Food & Water Watch (FWW) today released a new analysis detailing what it describes as the troubling implications of expanding factory fish farming off U.S. coasts.

October 13, 2011

Food & Water Watch (FWW) today released a new analysis detailing what it describes as the troubling implications of expanding factory fish farming off U.S. coasts. Coming on the heels of the federal government’s announcement this summer of its National Aquaculture Policy, the organization’s report, Fishy Farms: The Government’s Push for Factory Farming in Our Oceans, claims achieving the government’s goals for the industry would come at a tremendous cost to both wild fish populations and the marine environment.

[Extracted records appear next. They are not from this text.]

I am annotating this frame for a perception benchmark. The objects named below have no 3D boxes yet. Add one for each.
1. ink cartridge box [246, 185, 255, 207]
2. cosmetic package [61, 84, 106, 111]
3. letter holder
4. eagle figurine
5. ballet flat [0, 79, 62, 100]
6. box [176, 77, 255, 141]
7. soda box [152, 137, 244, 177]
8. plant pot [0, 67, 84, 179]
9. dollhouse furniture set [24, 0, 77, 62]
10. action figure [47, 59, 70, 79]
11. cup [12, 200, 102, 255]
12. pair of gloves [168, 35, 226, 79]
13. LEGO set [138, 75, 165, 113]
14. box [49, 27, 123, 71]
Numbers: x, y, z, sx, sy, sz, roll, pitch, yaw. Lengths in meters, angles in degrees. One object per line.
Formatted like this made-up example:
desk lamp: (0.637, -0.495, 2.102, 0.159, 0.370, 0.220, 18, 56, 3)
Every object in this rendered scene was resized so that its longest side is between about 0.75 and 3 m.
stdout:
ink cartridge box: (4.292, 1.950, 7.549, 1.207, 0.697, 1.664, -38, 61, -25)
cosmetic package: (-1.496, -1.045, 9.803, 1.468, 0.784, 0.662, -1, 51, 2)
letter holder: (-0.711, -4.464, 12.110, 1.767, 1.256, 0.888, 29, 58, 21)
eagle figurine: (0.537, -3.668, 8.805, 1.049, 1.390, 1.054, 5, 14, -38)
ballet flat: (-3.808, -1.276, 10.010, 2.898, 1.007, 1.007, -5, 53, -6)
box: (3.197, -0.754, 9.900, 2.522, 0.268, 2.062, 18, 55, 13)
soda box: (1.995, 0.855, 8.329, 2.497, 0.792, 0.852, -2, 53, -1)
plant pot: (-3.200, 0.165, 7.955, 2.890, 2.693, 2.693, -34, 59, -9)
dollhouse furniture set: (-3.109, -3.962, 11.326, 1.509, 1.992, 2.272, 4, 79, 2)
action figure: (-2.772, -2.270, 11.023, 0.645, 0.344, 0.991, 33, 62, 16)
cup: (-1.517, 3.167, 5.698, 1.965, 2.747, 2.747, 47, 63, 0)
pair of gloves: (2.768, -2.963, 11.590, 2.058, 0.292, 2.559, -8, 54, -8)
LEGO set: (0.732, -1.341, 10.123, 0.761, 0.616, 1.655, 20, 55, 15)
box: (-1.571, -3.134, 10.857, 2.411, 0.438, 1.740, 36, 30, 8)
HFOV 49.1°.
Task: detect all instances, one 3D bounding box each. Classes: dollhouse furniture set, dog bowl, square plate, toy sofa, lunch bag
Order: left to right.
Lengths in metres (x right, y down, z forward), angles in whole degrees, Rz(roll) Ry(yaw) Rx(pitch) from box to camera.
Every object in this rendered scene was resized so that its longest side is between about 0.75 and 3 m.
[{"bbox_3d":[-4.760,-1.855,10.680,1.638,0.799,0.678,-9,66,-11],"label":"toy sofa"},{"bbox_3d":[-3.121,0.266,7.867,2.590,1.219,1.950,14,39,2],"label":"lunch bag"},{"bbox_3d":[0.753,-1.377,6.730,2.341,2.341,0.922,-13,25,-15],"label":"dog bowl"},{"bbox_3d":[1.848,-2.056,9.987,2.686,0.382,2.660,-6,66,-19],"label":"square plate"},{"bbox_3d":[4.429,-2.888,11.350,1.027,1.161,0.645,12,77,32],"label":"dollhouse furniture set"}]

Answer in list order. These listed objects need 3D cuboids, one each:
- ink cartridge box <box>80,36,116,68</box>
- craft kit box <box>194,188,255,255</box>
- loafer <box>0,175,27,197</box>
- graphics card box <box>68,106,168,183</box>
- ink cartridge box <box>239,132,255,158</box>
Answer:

In a press release with the heading: New Report Reveals Troubling Consequences of Factory Farming Fish: Growth in U.S. Offshore Fish Farming Industry Could Require 40 Percent of World’s Fishmeal for Feed, Release Over 1 Million Fish, FWW said:

"Factory fish farming involves the growing of thousands of fish in open net pens or cages, where wastes, including excess feed as well as any antibiotics and chemicals used to treat the cages, flow directly into the ocean. The raising of high-value, top-of-the-food-chain carnivorous fish requires a high concentration of protein fishmeal and fish oil that comes from the capture of small wild fish. Escapes from open ocean pens are common, and when farmed fish escape they can compete or interbreed with wild fish, altering natural behavior and weakening important genetic traits. They can also spread disease to wild fish".

The report calculates that, if the government used factory fish farming to reach its stated goal of offsetting the U.S. seafood trade deficit (that is, importing less seafood than it exports), 200 million fish would need to be produced in ocean cages off U.S. coasts each year. This would necessitate the use of at least 41 percent of the entire current production of fishmeal worldwide for feed. The analysis also finds that, based on an industry rule of thumb for the rate of fish escapes, such an expansion would lead to at least 1 million and as many as 35 million farmed fish escapes each year, depending on conditions (i.e. storms that shake up cages, sharks attacks on net pens), and result in the discharge of as much nitrogenous waste as the untreated sewage from a city nearly nine times more populous than the city of Los Angeles.

“Clearly, factory fish farming is not a sustainable industry,” said Wenonah Hauter, Executive Director of Food & Water Watch. “Regardless, the government has already spent over $44 million in support of it, and the Obama administration has proposed allocating millions more. Why is taxpayer money being used to push a senseless industry at a time when we’re radically cutting our federal budget to trim down such wasteful spending?”

The report examines the four experimental "factory fish farms" that have been operating in state waters off U.S. coasts for up to 13 years and reveals that, despite government financial aid, the facilities have been plagued by a plethora of technical, economic and environmental setbacks.

“It’s unfortunate that the government is promoting an industry that has proven itself to be economically infeasible – even on a small-scale level – and continues to suffer the same sort of large-scale environmental problems that we have seen with factory farming livestock on land,” Hauter said. “The good news is that fish farming is a relatively new industry and we still have a chance to pursue it in a way that’s environmentally sustainable, economically beneficial and healthy for consumers.”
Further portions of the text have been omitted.